The Maneuvering Characteristics Augmentation System (MCAS) is an automated safety feature on the 737 Max 8 designed to prevent the plane from entering into a stall, or losing lift.

Both the Lion Air jet, which crashed in October, killing 189 people, and the Ethiopian Airlines aircraft, which went down on Sunday, leaving 157 people dead, were fitted with the system.

Both planes experienced similarly erratic steep climbs and descents and fluctuating airspeeds before crashing shortly after takeoff.

The US Federal Aviation Administration (FAA), while noting the similarities between the Lion Air and Ethiopian Airlines accidents, stressed that it was too early to draw any conclusions.

MCAS was introduced by Boeing on the 737 Max 8 because its heavier, more fuel-efficient engines changed the aerodynamic qualities of the workhorse aircraft and can cause the plane's nose to pitch up in certain conditions during manual flight.

Angle of attack sensors on the aircraft tell the MCAS to automatically point the nose of the plane down if it is in danger of going into a stall.

This is done through horizontal stabilizers on the plane's tail which are activated by the aircraft's flight control computer.

According to Boeing, MCAS does not control the plane during normal flight but "improves the behavior of the airplane" during "non-normal" situations.

These could be steep turns or after takeoff when a plane is climbing with flaps up at speeds that are close to stall speed.

According to the flight data recorder, the pilots of Lion Air Flight 610 struggled to control the aircraft as the automated MCAS system repeatedly pushed the plane's nose down following takeoff.

The pilots of the Ethiopian Airlines plane reported similar difficulty before the aircraft plunged into the ground shortly after takeoff.

Software updates

A preliminary report on the Lion Air Flight 610 accident blamed it in part on a faulty angle of attack sensor that triggered the MCAS system and automatically forced the plane's nose down.

Pilots flying the same Lion Air plane the previous day had managed to override the automated flight control system.

Boeing came in for some criticism after the Lion Air crash for allegedly failing to adequately inform 737 pilots about the functioning of MCAS or provide training about the system.

Following the Lion Air crash, Boeing issued a bulletin to airlines operating the 737 Max 8 advising pilots how to override the MCAS system.

The US aircraft manufacturer issued a statement on Monday saying it was too early to understand the cause of the Ethiopian Airlines accident.

Boeing also said it was working on software updates to the MCAS system which would be deployed across the 737 Max fleet.

It said procedures already exist to "safely handle the unlikely event of erroneous data coming from an angle of attack (AOA) sensor," the suspected cause of the Lion Air crash.

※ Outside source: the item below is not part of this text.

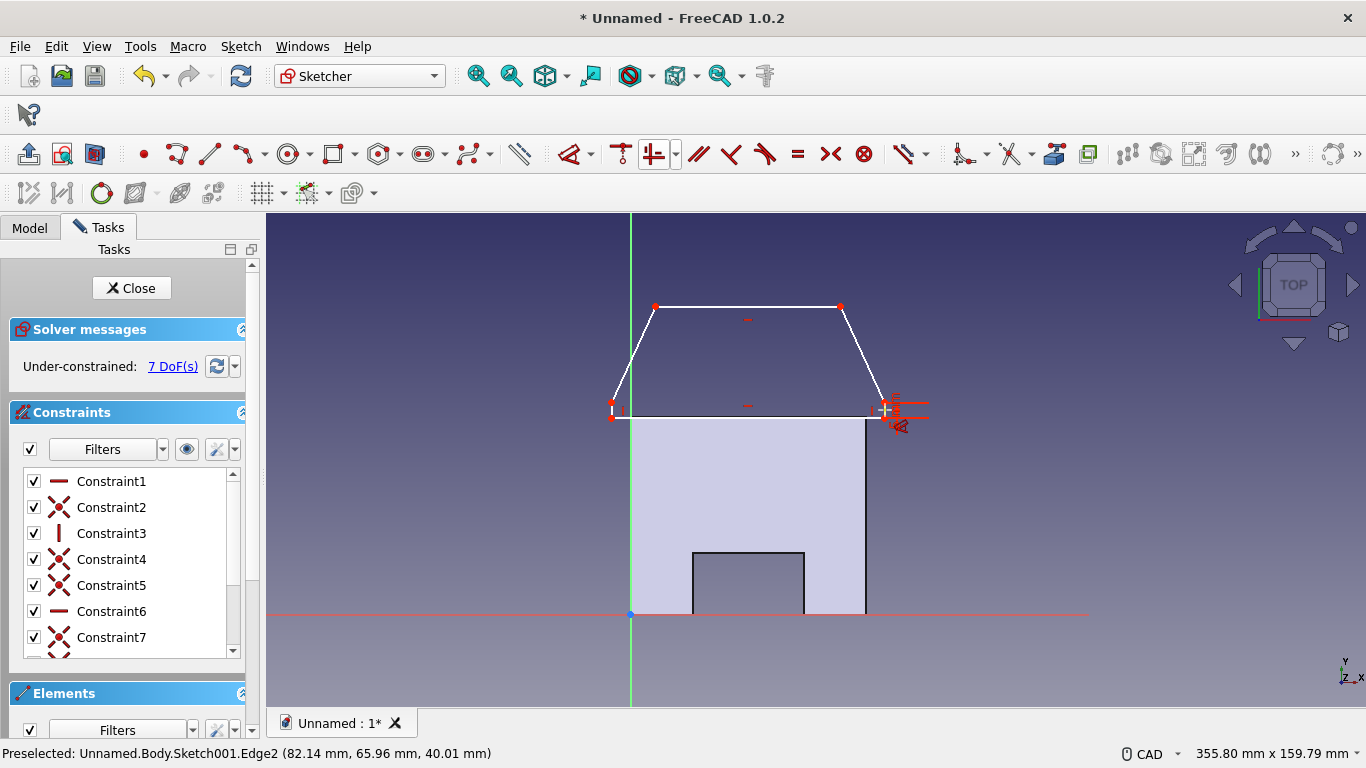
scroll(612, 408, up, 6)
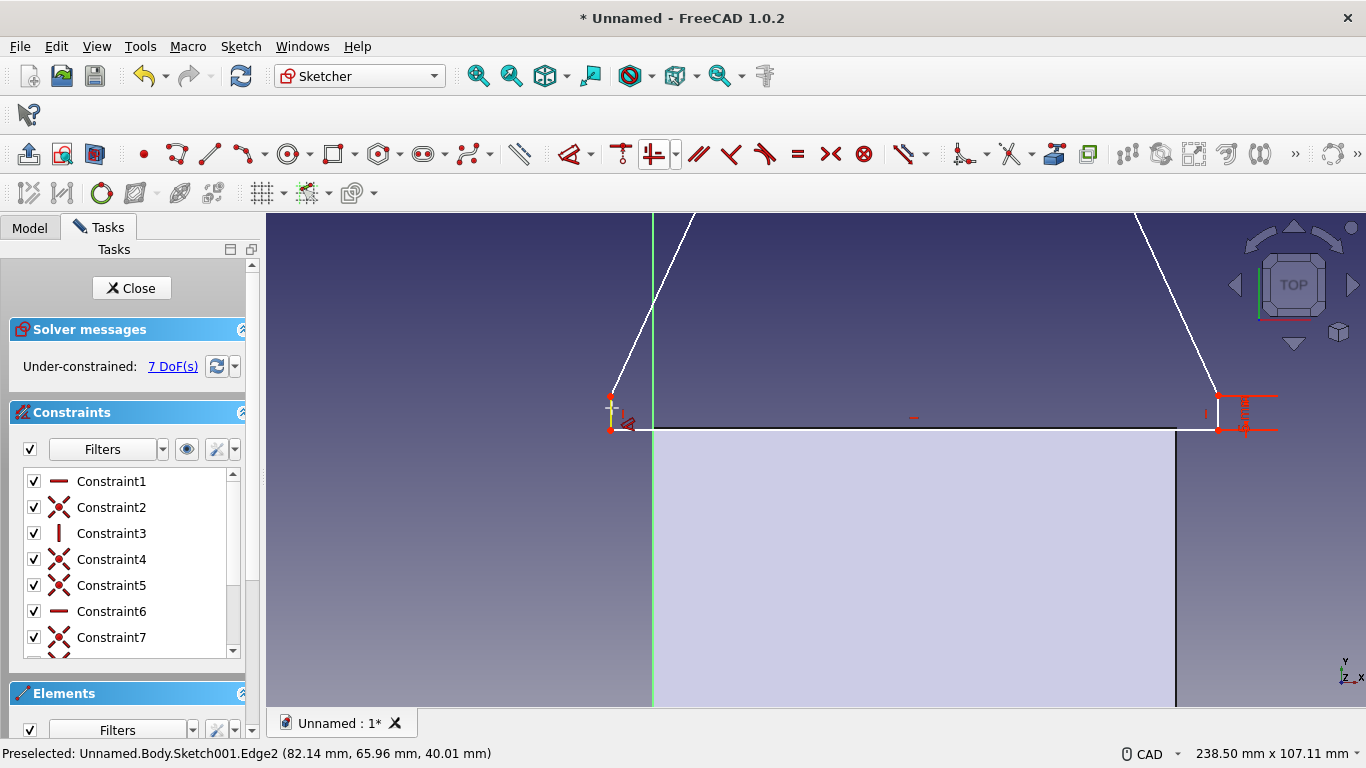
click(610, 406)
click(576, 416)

"The pilot will always be able to override the flight control law (MCAS) using electric trim or manual trim," the aircraft manufacturer said.

A growing list of countries have grounded their 737 Max aircraft after the two deadly crashes in just five months.

Boeing has described the Max series as its fastest-selling family of planes, with more than 5,000 orders placed to date from about 100 customers.

But not since the 1970s -- when the McDonnell Douglas DC-10 suffered successive fatal incidents -- has a new model been involved in two deadly accidents in such a short period.

BOEING 737-8 MAX ETHIOPIAN AIRLINES PLANE CRASH
As It Happens
LATEST UPDATE: March 14, 2019 - 9:34pm

Ethiopia's parliament has declared Monday a day of national mourning after a Nairobi-bound Ethiopian Airlines plane crashed, killing all 157 people onboard.

"The House of People's Representatives have declared March 11, 2019, a national day of mourning for citizens of all countries that have passed in this tragic accident," the office of Ethiopia's Prime Minister Abiy Ahmed said on Twitter on Sunday. — AFP

March 14, 2019 - 9:34pm

French investigators have received the black boxes from the Boeing 737 MAX that crashed east of Addis Ababa in Ethiopia, killing all 157 people on board, France's BEA airline safety agency says.

Ethiopian authorities had requested French help to analyze the content of the flight data recorder and cockpit voice recorder to discover what caused the Ethiopian Airlines flight to plunge to the ground just minutes after takeoff on Sunday.

March 14, 2019 - 5:30pm

US authorities say that new evidence showed similarities between Sunday's deadly crash of an Ethiopian Airlines Boeing 737 MAX 8 and a fatal accident in Indonesia in October. The weekend crash killed all 157 people aboard. 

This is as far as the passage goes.